Бухафу узнал Кемвеса, с которым ругался совсем недавно перед атакой. Однако он, ни секунды не колеблясь, ринулся вперёд и зарубил своей секирой рослого хетта. Вскоре уже оба земляка спина к спине отражали атаку разъярённых горцев.
— Держись, парень, — прокричал громко Бухафу, — наши уже близко!
— Меня в бок зацепило, сил уже нет... — Кемвес со стоном закачался.

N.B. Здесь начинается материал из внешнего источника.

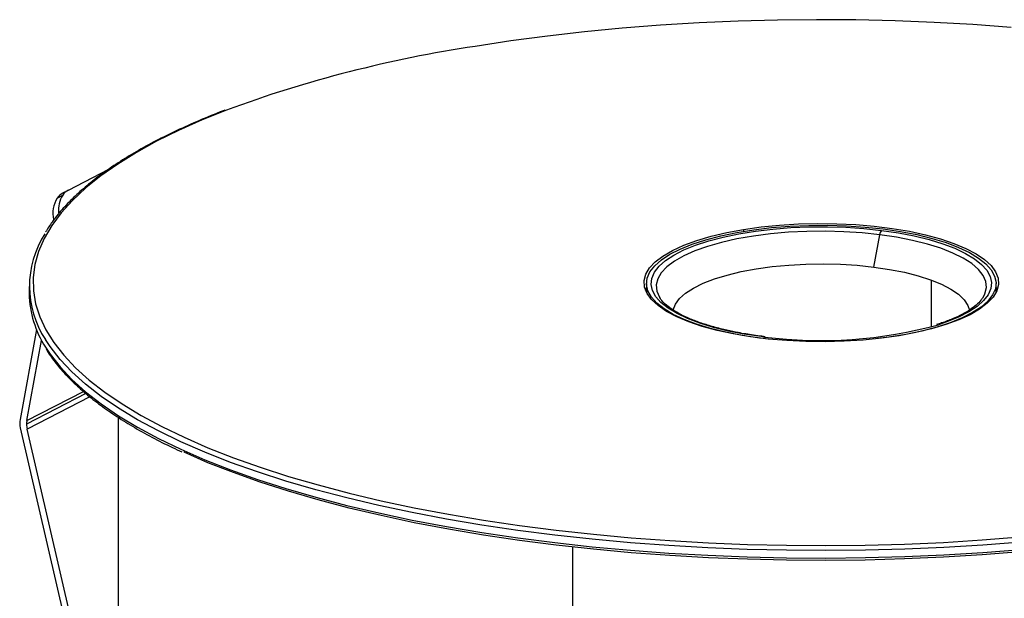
# Paper-space layout '_Dimétrica' of a CAD drawing. Header units: millimetres. Extents: x -40.5 to 42.3, y -20.2 to 56.9.
# Tile 5 of 8: x -40.5 to 9.2, y 27.7 to 56.9. Entities that reach past the tile are written whole.
import ezdxf

# ---------------------------------------------------------------- set-up
doc = ezdxf.new("R2010")
doc.units = ezdxf.units.MM

psp = doc.layouts.new('_Dimétrica')

# ---------------------------------------------------------------- linework, layer by layer
at = {"color": 7, "linetype": 'Continuous', "lineweight": 25}
for p, q in [((-38.016, 48.323), (-35.97, 49.377)), ((-38.295, 48.174), (-38.016, 48.323)), ((-38.582, 47.918), (-38.303, 48.067)), ((-3.931, 46.332), (-3.931, 46.241)), ((2.652, 44.438), (2.948, 46.066)), ((5.551, 43.78), (5.551, 41.419)), ((-40, 43.463), (-40, 43.086)), ((-8.824, 43.608), (-8.824, 43.153)), ((8.824, 43.153), (8.824, 43.608)), ((8.824, 43.397), (8.878, 43.275)), ((-8.162, 42.899), (-8.134, 42.857)), ((-39.631, 41.279), (-40.46, 36.75)), ((-2.839, 40.823), (-3.12, 40.856)), ((-3.12, 40.856), (-3.12, 40.856)), ((-2.87, 40.906), (-3.039, 40.927)), ((-2.839, 40.923), (-3.002, 40.942)), ((-40.116, 36.69), (-39.374, 40.737)), ((-37.134, 38.055), (-40.132, 36.51)), ((-40.116, 36.69), (-37.261, 38.161)), ((-36.929, 37.89), (-40.102, 36.255)), ((-35.5, 36.855), (-35.5, -0.377)), ((-40.447, 36.316), (-35.5, 14.935)), ((-35.5, 16.365), (-40.102, 36.255)), ((-12.551, -11.069), (-12.551, 30.308))]:
    psp.add_line(p, q, dxfattribs=at)
at = {"color": 7, "linetype": 'Continuous', "lineweight": 25, "flags": 128}
for points in [[(9.593, 56.528), (7.656, 56.671), (5.699, 56.782), (3.729, 56.86), (1.749, 56.906), (-0.235, 56.918), (-2.219, 56.898), (-4.197, 56.845), (-6.164, 56.759), (-8.116, 56.64), (-10.049, 56.489), (-11.956, 56.306), (-13.833, 56.092), (-15.676, 55.846), (-17.48, 55.571)], [(-30.04, 52.355), (-31.263, 51.862), (-32.452, 51.333), (-33.56, 50.784), (-34.585, 50.217), (-35.524, 49.635), (-36.374, 49.037), (-37.134, 48.426), (-37.802, 47.803), (-38.375, 47.17), (-38.854, 46.528), (-39.235, 45.879), (-39.52, 45.224), (-39.706, 44.565), (-39.793, 43.904), (-39.781, 43.243), (-39.67, 42.583), (-39.461, 41.925), (-39.154, 41.271), (-38.749, 40.624), (-38.248, 39.984), (-37.652, 39.353), (-36.962, 38.732), (-36.181, 38.124), (-36.173, 38.119)], [(3.931, 40.972), (3.038, 40.846), (2.11, 40.753), (1.158, 40.694), (0.191, 40.669), (-0.777, 40.68), (-1.737, 40.725), (-2.676, 40.805), (-3.583, 40.918), (-4.449, 41.063), (-5.263, 41.239), (-6.015, 41.443), (-6.696, 41.673), (-7.299, 41.925), (-7.816, 42.199), (-8.242, 42.489), (-8.571, 42.793), (-8.799, 43.107), (-8.924, 43.427), (-8.945, 43.75), (-8.861, 44.072), (-8.673, 44.389), (-8.383, 44.697), (-7.995, 44.993), (-7.514, 45.273), (-6.944, 45.534), (-6.292, 45.774), (-5.567, 45.988), (-4.777, 46.175), (-3.931, 46.332)], [(-3.12, 40.856), (-3.994, 40.985), (-4.821, 41.144), (-5.592, 41.332), (-6.297, 41.547), (-6.928, 41.786), (-7.479, 42.047), (-7.941, 42.325), (-8.31, 42.619), (-8.582, 42.924), (-8.754, 43.238), (-8.822, 43.555), (-8.788, 43.874), (-8.65, 44.189), (-8.411, 44.497), (-8.073, 44.795), (-7.64, 45.079), (-7.118, 45.346), (-6.513, 45.592), (-5.831, 45.815), (-5.081, 46.012), (-4.271, 46.181), (-3.411, 46.32), (-2.511, 46.427), (-1.582, 46.501), (-0.634, 46.541), (0.321, 46.547), (1.272, 46.518), (2.209, 46.455), (3.12, 46.359)], [(-3.039, 40.927), (-3.891, 41.052), (-4.697, 41.208), (-5.448, 41.391), (-6.135, 41.6), (-6.75, 41.833), (-7.286, 42.087), (-7.737, 42.358), (-8.097, 42.644), (-8.362, 42.942), (-8.529, 43.247), (-8.596, 43.557), (-8.562, 43.867), (-8.428, 44.174), (-8.194, 44.474), (-7.865, 44.764), (-7.444, 45.041), (-6.935, 45.301), (-6.346, 45.541), (-5.681, 45.758), (-4.95, 45.951), (-4.161, 46.115), (-3.324, 46.25), (-2.447, 46.355), (-1.542, 46.427), (-0.618, 46.466), (0.313, 46.471), (1.24, 46.443), (2.152, 46.382), (3.039, 46.288)], [(2.948, 46.066), (2.056, 46.159), (1.138, 46.219), (0.206, 46.244), (-0.728, 46.235), (-1.653, 46.19), (-2.558, 46.111), (-3.43, 45.999), (-4.259, 45.855), (-5.035, 45.681), (-5.747, 45.479), (-6.388, 45.252), (-6.947, 45.003), (-7.42, 44.734), (-7.799, 44.449), (-8.08, 44.152), (-8.259, 43.846), (-8.335, 43.535), (-8.305, 43.224), (-8.172, 42.915), (-8.162, 42.899)], [(-3.931, 46.332), (-3.038, 46.458), (-2.11, 46.551), (-1.158, 46.61), (-0.191, 46.635), (0.777, 46.624), (1.737, 46.579), (2.676, 46.499), (3.583, 46.386), (4.449, 46.241), (5.263, 46.065), (6.015, 45.861), (6.696, 45.632), (7.299, 45.379), (7.816, 45.106), (8.242, 44.815), (8.571, 44.511), (8.799, 44.198), (8.924, 43.877), (8.945, 43.554), (8.861, 43.232), (8.673, 42.916), (8.383, 42.607), (7.995, 42.311), (7.514, 42.031), (6.944, 41.77), (6.292, 41.531), (5.567, 41.316), (4.777, 41.129), (3.931, 40.972)], [(3.12, 46.359), (3.994, 46.23), (4.821, 46.071), (5.592, 45.883), (6.297, 45.668), (6.928, 45.429), (7.479, 45.169), (7.941, 44.89), (8.31, 44.596), (8.582, 44.291), (8.754, 43.978), (8.822, 43.66), (8.788, 43.342), (8.65, 43.027), (8.411, 42.718), (8.073, 42.42), (7.64, 42.136), (7.118, 41.87), (6.513, 41.623), (5.831, 41.4), (5.081, 41.203), (4.271, 41.034), (3.411, 40.895), (2.839, 40.823)], [(3.039, 46.288), (3.891, 46.163), (4.697, 46.008), (5.448, 45.824), (6.135, 45.615), (6.75, 45.382), (7.286, 45.128), (7.737, 44.857), (8.097, 44.571), (8.362, 44.273), (8.529, 43.968), (8.596, 43.659), (8.562, 43.349), (8.428, 43.042), (8.194, 42.741), (7.865, 42.451), (7.444, 42.174), (6.935, 41.914), (6.346, 41.674), (5.917, 41.529)], [(8.167, 42.907), (8.259, 43.087), (8.335, 43.397), (8.305, 43.709), (8.172, 44.017), (7.935, 44.319), (7.599, 44.61), (7.167, 44.886), (6.645, 45.145), (6.039, 45.382), (5.358, 45.595), (4.609, 45.782), (3.802, 45.939), (2.948, 46.066)], [(-7.487, 42.245), (-7.481, 42.275), (-7.369, 42.564), (-7.158, 42.846), (-6.85, 43.118), (-6.449, 43.376), (-5.96, 43.617), (-5.392, 43.837), (-4.75, 44.034), (-4.044, 44.205), (-3.283, 44.347), (-2.478, 44.459), (-1.64, 44.539), (-0.779, 44.586), (0.092, 44.599), (0.962, 44.578), (1.819, 44.524), (2.652, 44.438)], [(2.652, 44.438), (3.448, 44.319), (4.198, 44.171), (4.891, 43.994), (5.518, 43.792), (6.071, 43.567), (6.541, 43.322), (6.923, 43.061), (7.211, 42.787), (7.402, 42.503), (7.483, 42.265)], [(-8.878, 43.275), (-8.861, 43.317), (-8.824, 43.397)], [(10.099, 30.562), (8.157, 30.41), (6.195, 30.291), (4.218, 30.204), (2.23, 30.151), (0.236, 30.13), (-1.758, 30.143), (-3.748, 30.189), (-5.728, 30.268), (-7.694, 30.379), (-9.641, 30.523), (-11.564, 30.7), (-13.459, 30.908), (-15.319, 31.147), (-17.142, 31.417), (-18.922, 31.716), (-20.655, 32.045), (-22.337, 32.403), (-23.963, 32.788), (-25.53, 33.199), (-27.033, 33.636), (-28.469, 34.097), (-29.834, 34.582), (-31.125, 35.089), (-32.339, 35.616), (-33.472, 36.164), (-34.522, 36.729), (-35.486, 37.311), (-36.362, 37.908), (-37.148, 38.519), (-37.841, 39.142), (-38.44, 39.777), (-38.944, 40.42), (-39.181, 40.779)], [(-39.176, 40.393), (-38.944, 40.043), (-38.44, 39.399), (-37.841, 38.765), (-37.148, 38.142), (-36.362, 37.531), (-35.486, 36.934), (-34.522, 36.352), (-33.472, 35.786), (-32.339, 35.239), (-31.125, 34.712), (-29.834, 34.205), (-28.469, 33.72), (-27.033, 33.259), (-25.53, 32.822), (-23.963, 32.411), (-22.337, 32.026), (-20.655, 31.668), (-18.922, 31.339), (-17.142, 31.04), (-15.319, 30.77), (-13.459, 30.53), (-11.564, 30.322), (-9.641, 30.146), (-7.694, 30.002), (-5.728, 29.89), (-3.748, 29.812), (-1.758, 29.766), (0.236, 29.753), (2.23, 29.774), (4.218, 29.827), (6.195, 29.914), (8.157, 30.033), (10.099, 30.185)], [(-36.173, 38.119), (-35.309, 37.53), (-34.35, 36.951), (-33.305, 36.389), (-32.177, 35.844), (-30.97, 35.319), (-29.685, 34.815), (-28.327, 34.333), (-26.898, 33.874), (-25.402, 33.439), (-23.844, 33.03), (-22.226, 32.647), (-20.552, 32.291), (-18.828, 31.964), (-17.057, 31.665), (-15.243, 31.397), (-13.391, 31.159), (-11.506, 30.952), (-9.593, 30.777), (-7.656, 30.633), (-5.699, 30.522), (-3.729, 30.444), (-1.749, 30.398), (0.235, 30.386), (2.219, 30.406), (4.197, 30.459), (6.164, 30.545), (8.116, 30.664), (10.049, 30.815)], [(10.049, 30.061), (8.116, 29.91), (6.164, 29.791), (4.197, 29.705), (2.219, 29.652), (0.235, 29.631), (-1.749, 29.644), (-3.729, 29.689), (-5.699, 29.768), (-7.656, 29.879), (-9.593, 30.022), (-11.506, 30.198), (-13.391, 30.405), (-15.243, 30.643), (-17.057, 30.911), (-18.828, 31.209), (-20.552, 31.537), (-22.226, 31.892), (-23.844, 32.275), (-25.402, 32.685), (-26.898, 33.12), (-28.327, 33.579), (-29.685, 34.061), (-30.97, 34.565), (-32.177, 35.09), (-32.188, 35.095)]]:
    psp.add_lwpolyline(points, dxfattribs=at)
at = {"color": 7, "linetype": 'Continuous', "lineweight": 25}
for centre, radius, start, end in [((-8.134, -7.067), 63.331, 98.48667, 110.23654), ((-37.647, 47.619), 0.794, 117.6578, 145.6936), ((-37.282, 47.131), 1.52, 148.8083, 191.3228), ((-37.926, 47.47), 0.794, 117.6578, 145.6936), ((-37.071, 47.309), 1.447, 148.3782, 185.6559), ((3.372, 46.021), 0.427, 141.182, 173.9402), ((-35.102, 43.463), 4.882, 147.0531, 213.3476), ((-34.837, 43.194), 5.164, 181.1947, 212.8459), ((-0.032, 63.178), 22.452, 262.7382, 285.3646), ((-3.005, 40.894), 0.0479, 86.5337, 136.4197), ((-39.4, 36.566), 1.076, 170.1528, 193.4717), ((-39.135, 36.512), 0.997, 169.7283, 180.1047), ((-38.998, 36.513), 1.133, 180.1436, 193.1527)]:
    psp.add_arc(centre, radius, start, end, dxfattribs=at)
for points, knots in [([(-30.122, 52.348), (-30.147, 52.339), (-30.597, 52.173), (-31.409, 51.834), (-32.551, 51.328), (-33.613, 50.802), (-34.602, 50.26), (-35.514, 49.702), (-36.348, 49.129), (-37.1, 48.542), (-37.771, 47.942), (-38.354, 47.331), (-38.826, 46.753), (-39.063, 46.375), (-39.167, 46.208)], [0, 0, 0, 0, 0.0054336, 0.097474, 0.189546, 0.281653, 0.3737979, 0.465982, 0.5582039, 0.6504566, 0.7427223, 0.8349569, 0.9270996, 1, 1, 1, 1]), ([(-4.325, 41.157), (-4.524, 41.197), (-4.968, 41.287), (-5.593, 41.455), (-6.203, 41.652), (-6.743, 41.866), (-7.208, 42.094), (-7.594, 42.331), (-7.89, 42.57), (-8.067, 42.75), (-8.12, 42.843), (-8.131, 42.863)], [0, 0, 0, 0, 0.102316, 0.22764, 0.352589, 0.47704, 0.600843, 0.72385, 0.846015, 0.967693, 1, 1, 1, 1]), ([(8.158, 42.904), (8.128, 42.856), (8.051, 42.731), (7.834, 42.518), (7.514, 42.277), (7.113, 42.043), (6.632, 41.82), (6.199, 41.649), (5.906, 41.561), (5.821, 41.535)], [0, 0, 0, 0, 0.1062019, 0.2735815, 0.4376819, 0.6015476, 0.7661536, 0.9317746, 1, 1, 1, 1]), ([(-3.002, 40.942), (-3.142, 40.961), (-3.549, 41.015), (-3.996, 41.085), (-4.281, 41.147), (-4.325, 41.157)], [0, 0, 0, 0, 0.307512, 0.891806, 1, 1, 1, 1]), ([(-39.139, 40.303), (-39.07, 40.188), (-38.874, 39.863), (-38.456, 39.338), (-37.893, 38.727), (-37.24, 38.126), (-36.504, 37.537), (-35.687, 36.961), (-34.791, 36.399), (-33.813, 35.855), (-32.979, 35.426), (-32.445, 35.186), (-32.289, 35.116)], [0, 0, 0, 0, 0.0605801, 0.1716131, 0.2830198, 0.3946695, 0.506452, 0.6182885, 0.7301224, 0.8419263, 0.9536894, 1, 1, 1, 1])]:
    psp.add_open_spline(points, degree=3, knots=knots, dxfattribs=at)

doc.saveas('drawing.dxf')

Коренастый хетт в одной набедренной повязке, весь заросший чёрной шерстью, с налившимися кровью глазами, замахнулся боевым топором. У юноши даже не было силы попытаться прикрыться мечом. Однако Бухафу, почувствовав спиной, что Кемвес качается на ослабевших ногах, быстро обернулся. Топор уже был занесён над медленно сползавшим на песок, теряющим сознание Кемвесом. Каменотёс не стал замахиваться, на это времени уже не было, а просто полоснул широким острым лезвием секиры снизу вверх по животу хеттского ратника. Тот недоумённо уставился на своё туловище, из которого начали вместе с потоками крови вываливаться внутренности. Затем, выронив топор, хватаясь руками за кишки и пытаясь закрыть огромную рану ладонями, он в смертельной агонии упал к ногам бывшего грабителя могил. Бухафу тем временем убил последнего врага, ловким ударом отрубив ему голову, откатившуюся с выпученными глазами в волны прибоя, затем подхватил на руки потерявшего сознание Кемвеса и отнёс его в тень, под выступ скалы. Он сорвал с себя набедренную повязку, разодрал её на длинные полосы и перевязал юношу. За этим занятием Бухафу и застал подъехавший на колеснице Пасер.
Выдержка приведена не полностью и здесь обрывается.